The writer in the photograph is Ernest Hemingway who would have been 115 years old today on July 21, 2014. My father describes their chance encounter as such:
“My family was traveling through Idaho in Spring of ’61 when I was 11, and I was admitted to Sun Valley Hospital with severe joint pain. The doctor’s thought it might be some kind of iron overload. EH was in that hospital at the time, and he liked to tell me stories because I was in such pain. He wanted me to sit on his lap for the story telling – which was weird because I was 11 – but I did it and some nurse took a picture at some point. I was ok, just some odd bug bite or something, but I heard he killed himself a few months later. I remember that scene like it was yesterday.”
My dad does not have a lot more details to offer. As his parents have both passed away and his siblings are all younger, there is no one available to further elucidate the circumstances of this meeting. My dad remembers that Hemingway told him stories about soldiers, cowboys, and Indians, the kind of stuff he perhaps assumed all eleven year old boys enjoyed, though my dad was more interested in spacemen. (Maybe he would have been more entertained had he found himself in the same hospital as Isaac Asimov or Ray Bradbury.) He remembers Hemingway as a kind, elderly man who seemed “very old and sort of out of it,” though Hemingway was only sixty-one at the time. I asked my dad if Hemingway’s suicide affected him emotionally in any fundamental way, but he does not remember. “It was the first time I probably even thought about suicide. It wasn’t a subject people liked to discuss in the early ‘60s. I doubt I had much of a concept of what that meant,” he said. I asked my dad, who I have always known as a prodigious reader, if his youthful encounter with Hemingway allowed him to feel a connection to his work later in life, but my dad says no. “I’ve got nothing. I’m not very familiar with him. I read The Sun Also Rises in high school, but I don’t remember being able to associate that book with the man I met many years before,” he told me. If my dad made an impression on Hemingway there is no record of it. It is entirely possible that Hemingway, whose numerous physical and mental problems had already destroyed him creatively, never wrote another word between his short time with my father and his untimely death.
I became a big fan of Hemingway’s work in high school when I read The Old Man and the Sea and shortly after The Sun Also Rises, the bookends of Hemingway’s career in reverse order. My own writing, in which I attempted to copy Hemingway’s short, abbreviated style, became even worse than it was when I was copying Jack Kerouac’s sprawling sentences.
“Your dad met Ernest Hemingway once,” my mom told me as my interest began to turn into an obsession.

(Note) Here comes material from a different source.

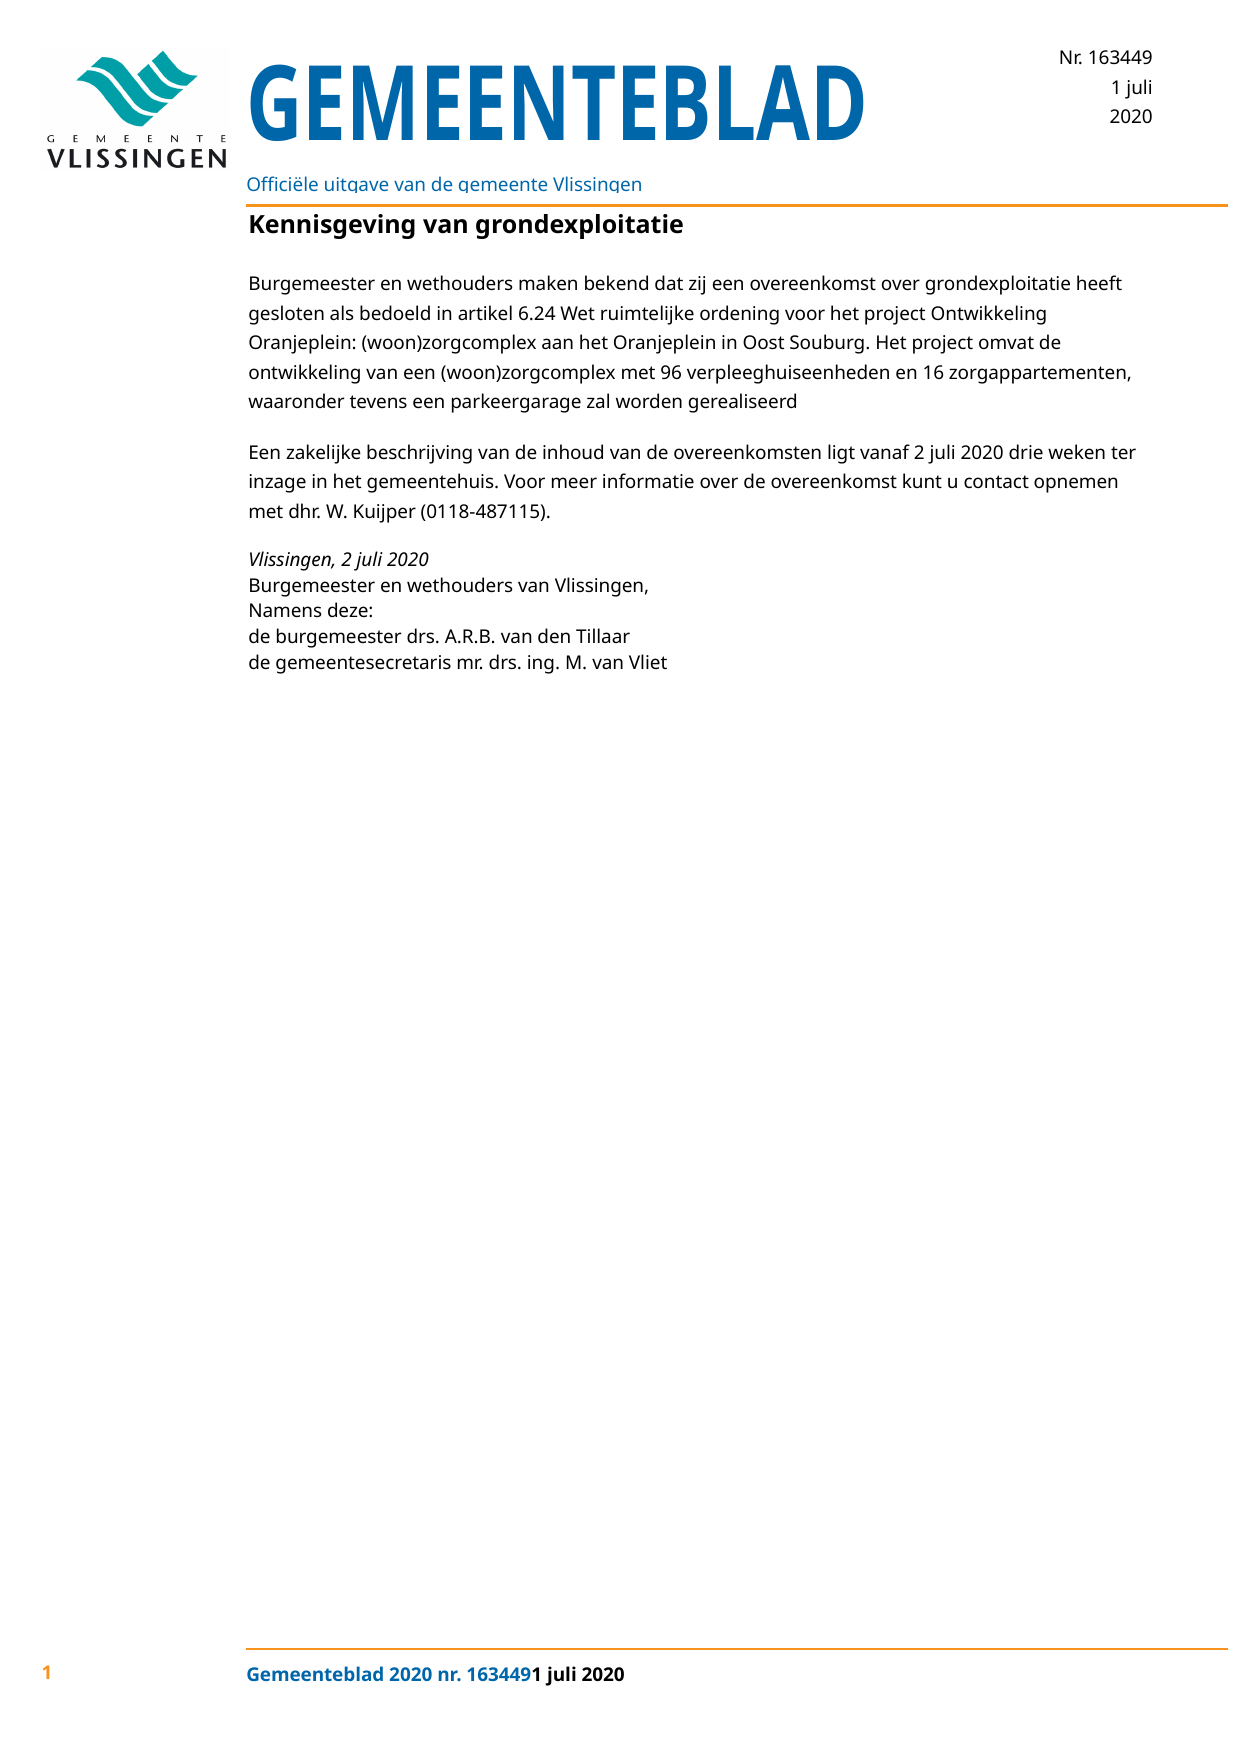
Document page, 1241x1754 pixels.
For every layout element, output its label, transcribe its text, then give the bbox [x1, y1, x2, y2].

“Dad met Hemingway?!” I nearly shouted.
“Oh, yeah. There was a picture of them together floating around somewhere,” she said casually.
The meaning behind the photograph that I had seen as a child and had not thought about since suddenly became painfully obvious to me. I asked my mom if she knew where it was, but she did not. I asked my dad who said that his parents probably still had it. The next time I was at their house I went through several boxes of photographs but none of them featured Ernest Hemingway. My grandparents remembered the photograph, but could offer no clues as to its whereabouts. “He seemed like such a strange old man, but he loved your dad” was their only input on the entire meeting. Finding the missing photograph became a mission, but none of the family members who I called or emailed had any information. Everyone agreed to search through their old family photos or allow me to look through them myself, but nothing ever turned up. In the last few years I have begun to wonder if the picture is an example of a sort of mass family hysteria or hallucination. Perhaps we are remembering a story about another family who showed my grandparents a picture of their own son sitting on Hemingway’s lap, and at some point we internalized it, made the story about us because that seemed more interesting.

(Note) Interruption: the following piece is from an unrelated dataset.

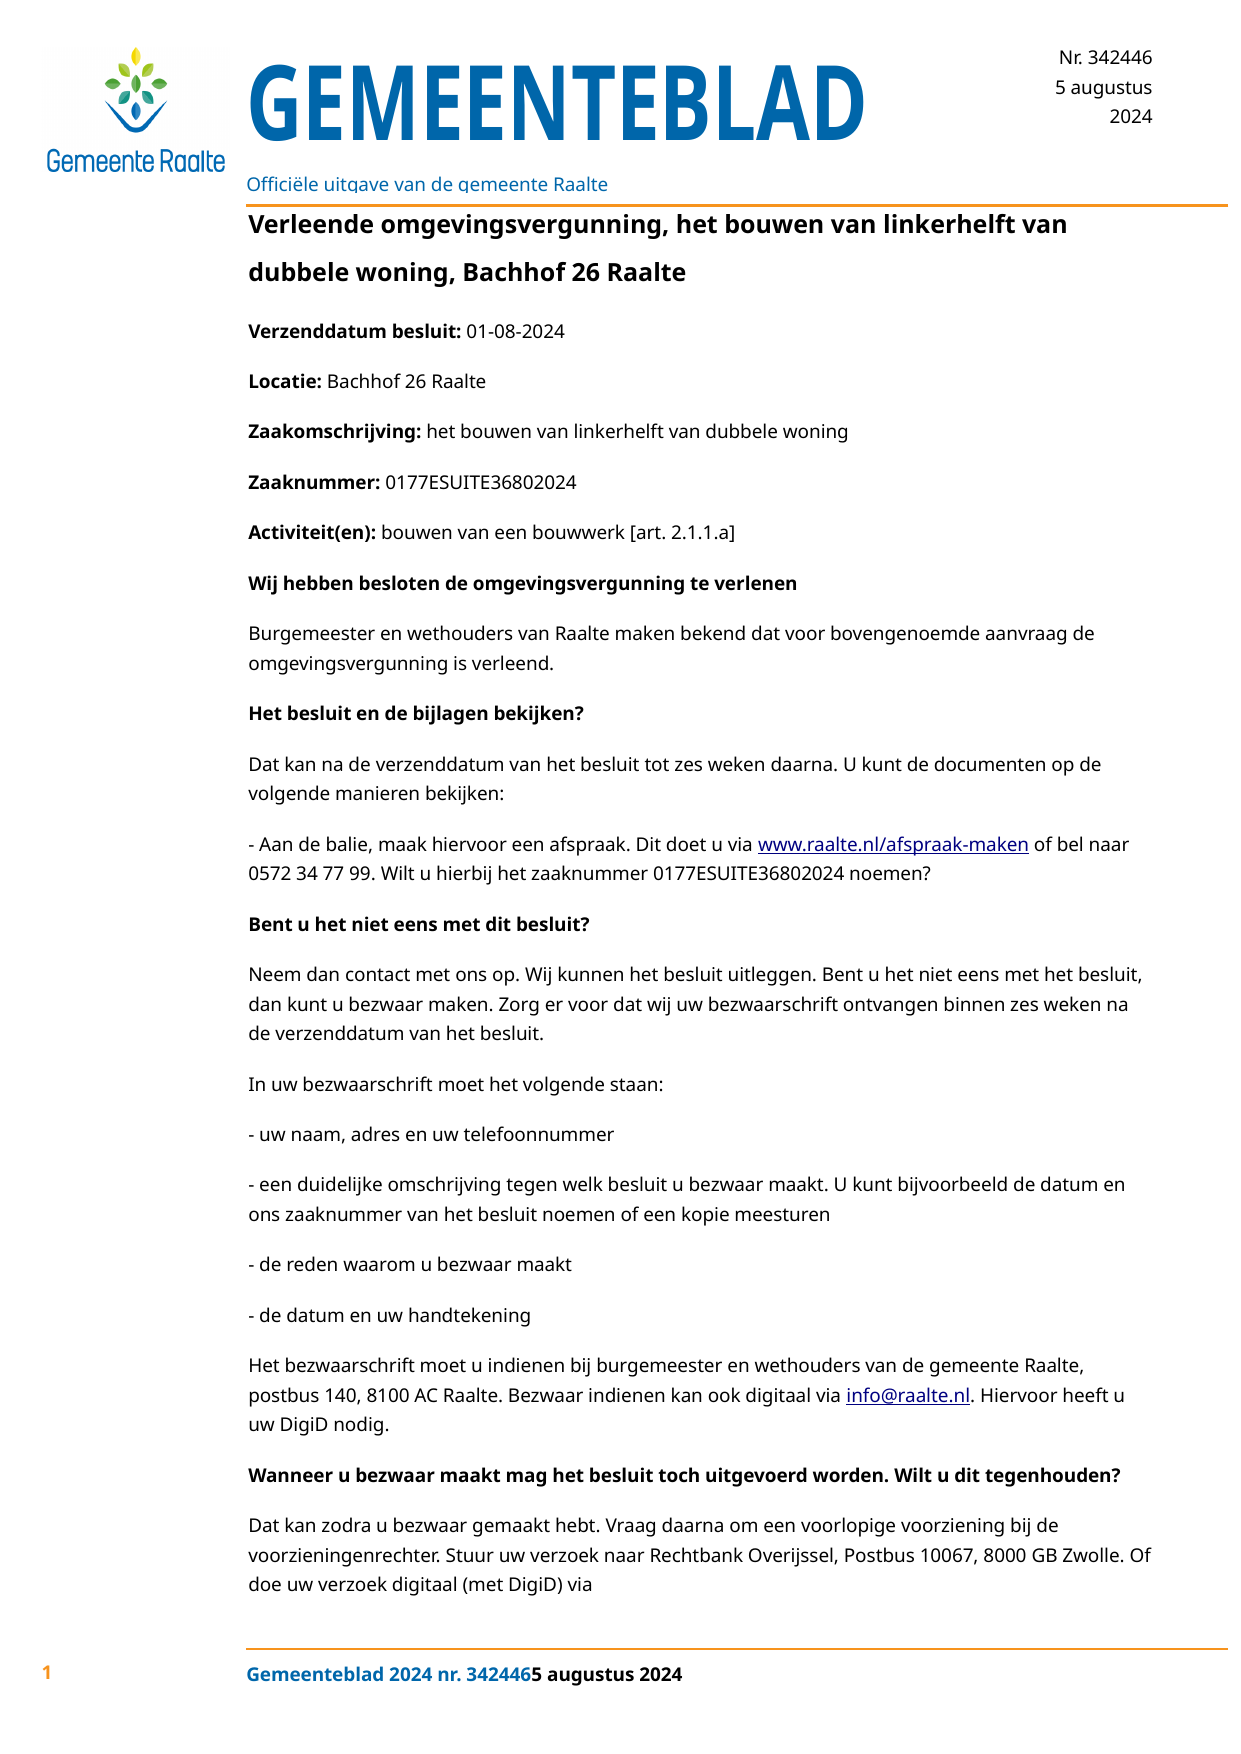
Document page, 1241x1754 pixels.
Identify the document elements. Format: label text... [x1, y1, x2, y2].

The photograph included here is not the one in question; it is a picture of Hemingway and his own son. Maybe one day I’ll be rummaging through old family albums, turn a page, and there it will be, shining forth from behind its clear envelope, the lost and coveted photograph of my dad sitting on the lap of an old and very depressed Ernest Hemingway, one of the last photographs ever taken of one of the 20th century’s most important writers, a smidgen of history, a family legend verified, one more ghost laid to rest.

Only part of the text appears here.